Terms and Conditions of Delivery for Products and Services – Delivery Conditions
1. International Trade (INCOTERMS) for Equipment - WisePlant
Because the import of products in South America is complex, it is not possible to transport goods without knowing these terms well. Although wiseGroup through our logistics center located in Miami we offer a multimodal service, we prefer air and ground transportation instead of water transport.
|EXW||EXWOKS||The seller’s only obligation is to make the products available on its premises or at another designated place (works, factory, warehouse, etc.).The buyer bears all costs and risks involved in bringing the goods from the seller’s premises to the desired destination.This term represents the minimum obligation for the seller.|
|FCA||FREE CARRIER||The seller’s obligation is to deliver the goods, cleared for export, to the charge of the carrier appointed by the buyer at the designated place or point.The parties are advised to specify as clearly as possible the point within the designated place of delivery, depending on the risk that passes to the buyer at that time.|
|CPT||CARRIAGE PAID TO||The seller pays the freight for the delivery of goods to the carrier or to another person designated by the seller at the designated destination. Once delivered, the risk of loss or damage to the goods is transferred from the seller to the buyer. This term requires the seller to dispatch the goods for export.|
|CIP||CARRIAGE & INSURANCE PAID TO||The seller has the same obligations as in CPT, but has the responsibility to obtain insurance against the risk of loss or damage to the buyer’s goods during transport.Insurance should only be obtained with minimal coverage and the seller must dispatch the goods for export.|
|DAT||DELIVERED AT TERMINAL||The seller delivers when the goods, once unloaded from the arriving means of transport, are made available to the buyer at a named terminal at the port or place of destination.”Terminal” includes dock, warehouse, container yard or road, rail or air terminal.The seller is responsible for export clearance procedures and the importer is responsible for clearing the goods for import, arranging customs import formalities and paying import duties.|
|DAP||DELIVERED AT PLACE||The seller delivers when the goods are made available to the buyer in the means of transport that arrive ready to unload at the designated place of destination.The seller is obliged to clear the goods for export and the importer is responsible for customs clearance and payment of customs duties.|
|DDP||DELIVERED DUTY PAID||The seller is responsible for delivering the goods to the designated place in the country of importation, including all costs and risks of bringing the goods to the import destination.This includes all export and import duties, taxes and customs formalities.|
|DTD||DOOR-TO-DOOR||It is not an official INCOTERM. It is a special case of DDP in which the seller is responsible for delivering the goods to the customer’s door, including all expenses and risks of bringing the goods to the destination of delivery. This includes all import duties, taxes, necessary formalities and local transport.|
2. Training Courses - WiseCourses Academy
The training courses can be developed in different modalities, face-to-face and / or virtual.
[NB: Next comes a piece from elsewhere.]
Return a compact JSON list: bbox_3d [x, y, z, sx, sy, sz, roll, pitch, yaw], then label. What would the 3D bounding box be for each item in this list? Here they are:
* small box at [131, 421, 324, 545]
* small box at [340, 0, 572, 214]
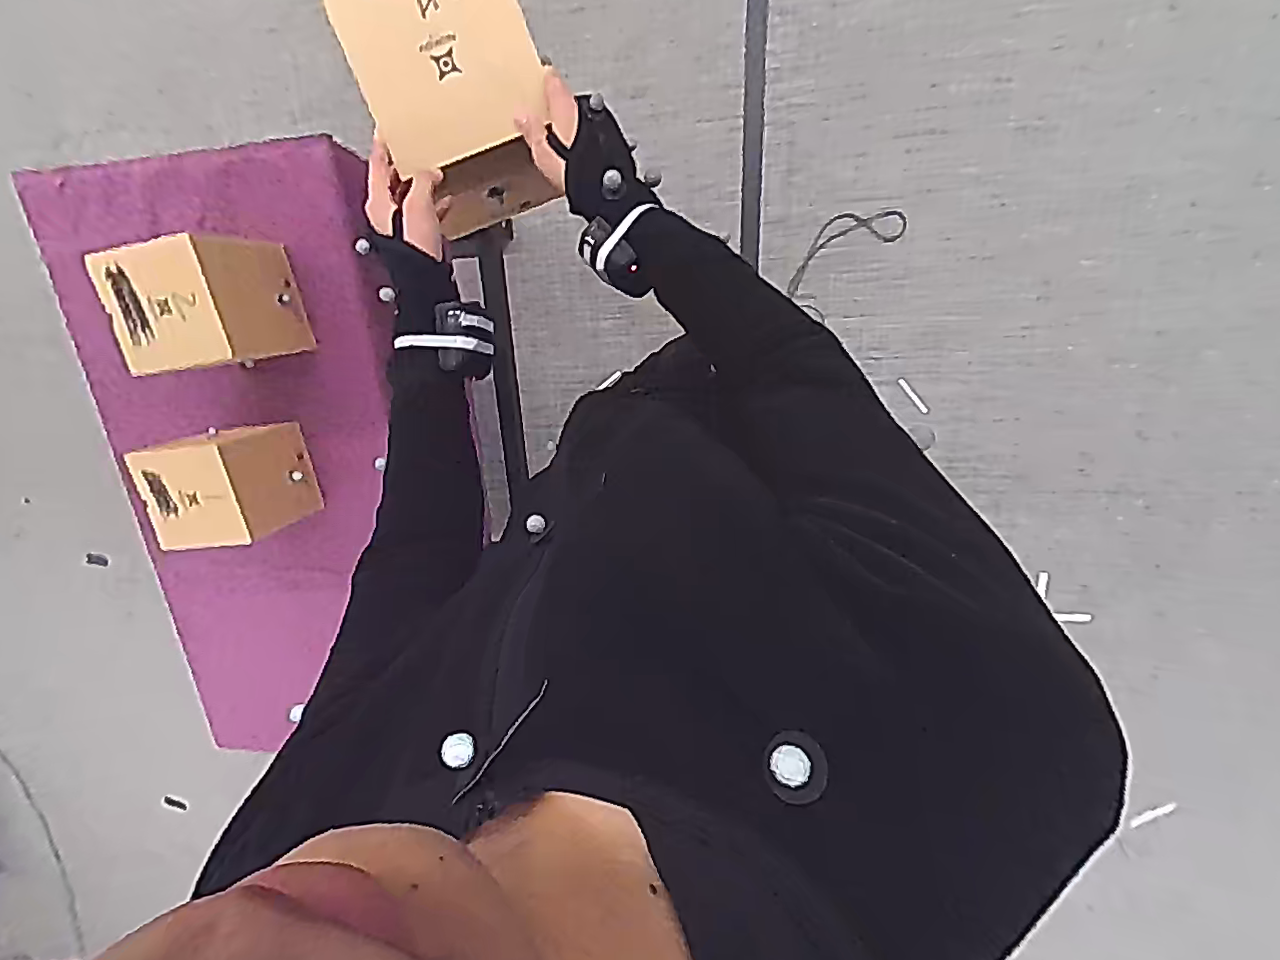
[{"bbox_3d":[-0.694,0.000,0.930,0.179,0.176,0.168,-5,107,11],"label":"small box"},{"bbox_3d":[-0.178,-0.411,0.578,0.168,0.176,0.179,-21,97,-2],"label":"small box"}]

Each course has its own rules according to its schedule. Delivery conditions are provided and informed for each particular course.
3. Consulting Services - WiseSecurity
The consulting services that are provided from the services division, are developed in accordance with the commercial and contractual conditions agreed with the client. Therefore, the corresponding contractual documentation should be consulted, being one of the most frequent modalities the certification of progress.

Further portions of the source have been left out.